Final answer:
To calculate the mass of the Sun based on Earth's orbit, we can use Kepler's Third Law of Planetary Motion. Plugging in the values for Earth's average orbital radius and period, we can calculate that the mass of the Sun is approximately 1.989 × 10^30 kg.
Step-by-step explanation:
To calculate the mass of the Sun based on data for Earth's orbit, we can use Kepler's Third Law of Planetary Motion. This law states that the square of the period of a planet's orbit is proportional to the cube of its average orbital radius.

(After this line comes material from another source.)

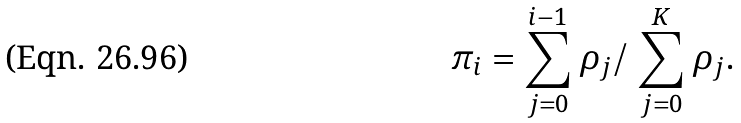Convert formula to latex. <formula><loc_0><loc_0><loc_500><loc_500>\pi _ { i } = \sum _ { j = 0 } ^ { i - 1 } \rho _ { j } / \ \sum _ { j = 0 } ^ { K } \rho _ { j } .</formula> 
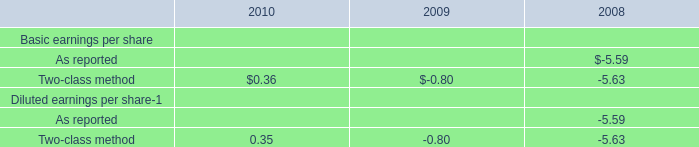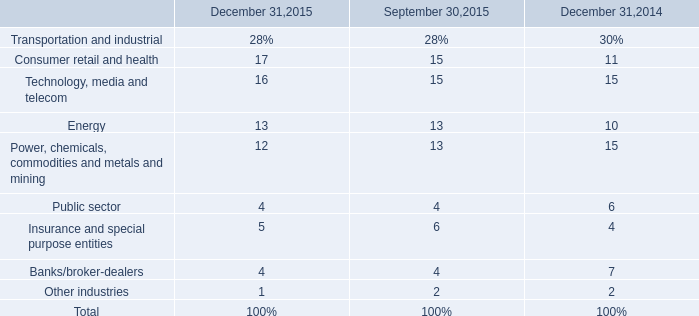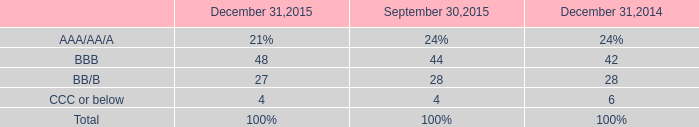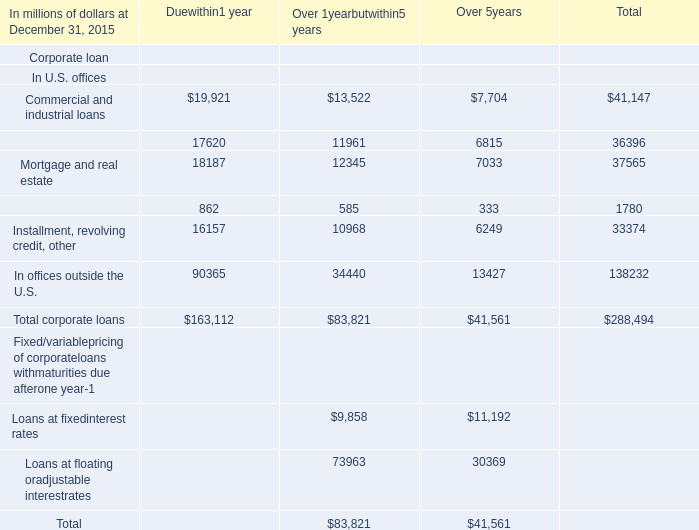What is the total value of Commercial and industrial loans, Financial institutions, Mortgage and real estate and Lease financing in in 2015 for Total ? (in million) 
Computations: (((41147 + 36396) + 37565) + 1780)
Answer: 116888.0.

Using the average radius of Earth's orbit (1.496 × 10^9 m) and the period of Earth's orbit (365.25 days), we can calculate the mass of the Sun.
The formula is: m_Sun = (4*pi^2*r^3) / (G*T^2), where r is the radius of Earth's orbit, G is the gravitational constant (6.674 * 10^-11 Nm^2/kg^2), and T is the period of Earth's orbit in seconds.
Plugging in the values, we get: m_Sun = (4*π^2*(1.496 * 10^9)^3) / (6.674 * 10^-11 * (365.25 * 24 * 60 * 60)^2)
Solving this equation gives us a mass of approximately 1.989 × 10^30 kg, which matches with the Sun's actual mass.